Tampoco hay más espacio, dicen especialistas y militantes de ONGs, para seguir devastando ese enorme “territorio de caza” -según la traducción más aceptada del término Chaco- desmontando los bosques nativos para una explotación industrializada irracional. “Antes nos corrieron con el Remington, ahora es con la topadora”, resumió hace no mucho Otorina Zamora, una mujer wichí que sabe muy bien de qué está hablando.
“Acá se autorizaron desmontes con las excusas más insólitas, como cuando en 2004 se vendió el llamado Lote Pizarro, un área protegida, con la excusa de que el dinero se iba a utilizar para hacer una ruta. En 10 años se autorizaron 1.200.00 hectáreas de tierras aptas y ahora quedarían quizá un millón más que podrían aprovecharse.
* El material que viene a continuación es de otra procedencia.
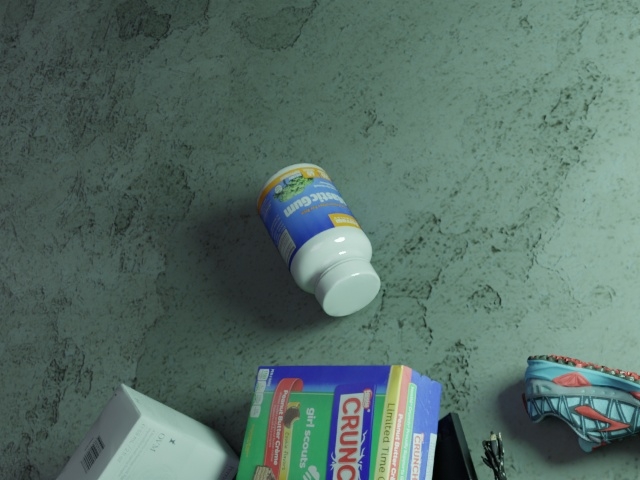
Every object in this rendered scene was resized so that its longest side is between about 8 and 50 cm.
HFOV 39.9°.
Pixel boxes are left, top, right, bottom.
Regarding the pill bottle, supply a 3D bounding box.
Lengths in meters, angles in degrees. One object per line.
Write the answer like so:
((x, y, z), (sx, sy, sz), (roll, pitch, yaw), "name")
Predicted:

Pero hay otros cuatro millones que no deberían tocarse”, advierte Pérez de Bianchi, rectora de la Universidad Nacional de Salta, que presentó institucionalmente una demanda contra el estado provincial ante el Supremo Tribunal de la Nación.
“Este es un territorio ancestral y de uso tradicional. Subsistimos porque sabemos que el monte nos da para subsistir – cuenta ante Acción Dino Salas, cacique de la comunidad wichí San Ignacio de Loyola – el desmonte nos hace emigrar a las ciudades y pasarla mal. Los chicos que se van no tienen su vida. Emigran sin ayuda, sin oficio”. Con un tono cansino pero firme, aclara que su posición le viene con la sangre: “Como los bichitos del monte cuidan su territorio, nuestros ancestros nos enseñaron que cada uno debe tener su territorio. Así nos fuimos viniendo desde Formosa, desde Santa Fe, en busca del nuestro. Nos vienen arriando desde allá, y como no tenemos tranquera, nos pasamos a otra toldería y ahí nos quedamos”.

Sin papeles
“Mis abuelos vinieron a Ícman (por Hickman) en 1925. Criaban ganado menor, como cabras y ovejas, porque sin heladera carnear una vaca era un desperdicio”, relata Alfredo Riera, titular de la Asociación de Pequeños Productores del Chaco salteño, unas 500 familias desperdigadas en torno de cuatro distritos provinciales de los alrededores de Orán, en Salta. “Aquí –dice Riera- nació mi padre y aquí nací yo y si no fuera por nosotros, cuando desapareció el tren, en 1992, esto se hubiera convertido en un páramo”, agrega, como una justificación a quienes pretenden despojarlo de su medio de vida con documentación conseguida en los despachos oficiales de la capital provincial.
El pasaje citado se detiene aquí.